I want you in my vision

I want you in my night

I wanna

close encounter you

By the second verse, the cat girls had put down their zines, jumped into the space in front of the stage and were throwing themselves bodily into the music. The crusties had wrestled their dreads out of their eyes and the serious drinkers at the bar focussed bloodshot orbs in the
direction of the small stage. By the time they launched into their second song, ‘Space Dogs’, the pool players had abandoned their game. Even Ozone managed to haul himself up off the floor and was leaning on the wall by the bar, an expression of awe on his face.

On stage, the three girls exchanged animated glances. It was working! Then, bizarrely, just as they started their third song, the pub began to empty out, leaving only Jake and the twins, Saturna and Skye, and the faithful abductees. Jake felt himself break into a cold sweat, as though it were his own band dying on stage. Torquil and Tristram fidgeted in unison. They couldn’t understand it. The Babes were fucken brilliant. The energy was pulsing off the stage in great waves, they played like they’d been at it for years, they were sex in motion, and the songs had hard rocking cred and excellent hooks. Why was everyone running away?

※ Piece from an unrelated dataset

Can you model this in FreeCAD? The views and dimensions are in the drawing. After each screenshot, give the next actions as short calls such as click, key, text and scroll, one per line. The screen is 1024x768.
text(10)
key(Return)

The answer came by the start of the fourth song. Every single person who had run off now reappeared, dragging in tow entourages of friends, flatmates, colleagues, case workers, even complete strangers they’d run into on the street. On King Street, cafes were emptying, and other pubs and clubs deserted as the intense gravitational pull of the babes’ alien charisma sucked half the population of Newtown into the Sando. Soon, the pub was so packed out that the walls were beginning to bend under the pressure.

Wham! Bam! ‘And how are
you
today, Ma’am?’ Baby yelled out to the newcomers as she introduced the next song, ‘Astroturf’. If the babes were
cooking
—hot as—the punters were broiling and baking and steaming. Those lucky enough to get a view didn’t care if they were turning into dimsum. If they ended their lives the following morning on a wheeled trolley somewhere in Chinatown,
it would have been worth it. One person, then another, then another, clambered onto the bar to dance until there was no space to rest a beer. Others hung from the rafters, shimmied up the columns, perched on the pokies and pinball machines.

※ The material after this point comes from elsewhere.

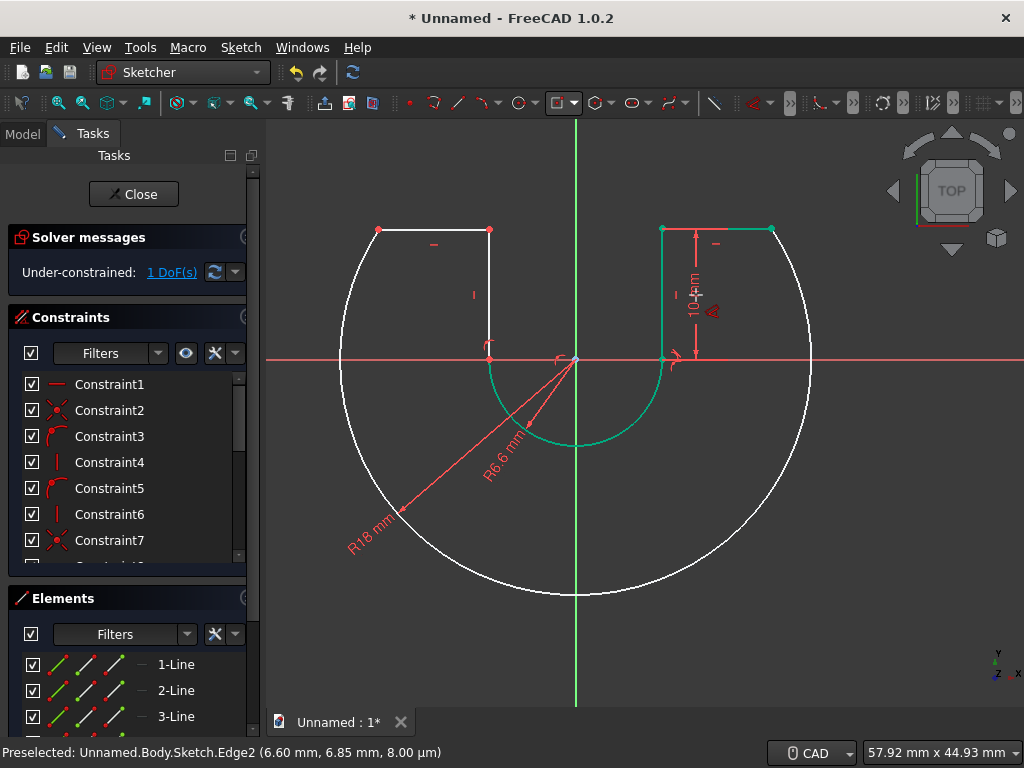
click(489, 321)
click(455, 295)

There was Doll, arms a blur, head banging, choppin’ out on the toms, sending the beat straight into people’s feet. Ladi swayed and dipped infectiously over her bass, teasing amazingly complex rhythms out of those four simple strings. Baby, for her part, and her part was major, was 1000-watt electric ladyland. The punters up the front could have sworn they saw sparks streaming out from her antennae. Her guitar was a magic wand. She was a caterwauling Janis Joplin one minute, a soulful PJ Harvey the next, a riot grrrrl and a pop queen, with the hell-raising outrageousness of a Courtney Love thrown in for good measure. She was a red hot chili pepper, a smashing pumpkin, a delicious bowl of pearl jam, an entire, blooming one-woman soundgarden.

I wanna fold you in my bionic arms

Wanna smother you with space-girl charms

Wanna switch on all of your alarms

Comet karma, Earthling of my dreams.

Those who couldn’t squeeze inside pushed their faces against the window panes. It became so wild out there that the police were called to clear King Street for traffic. The coppers ended up leading an impromptu dance party on the pavement that leached down several side streets.

‘Who
are
these girls?’ was the question on every pair of lips.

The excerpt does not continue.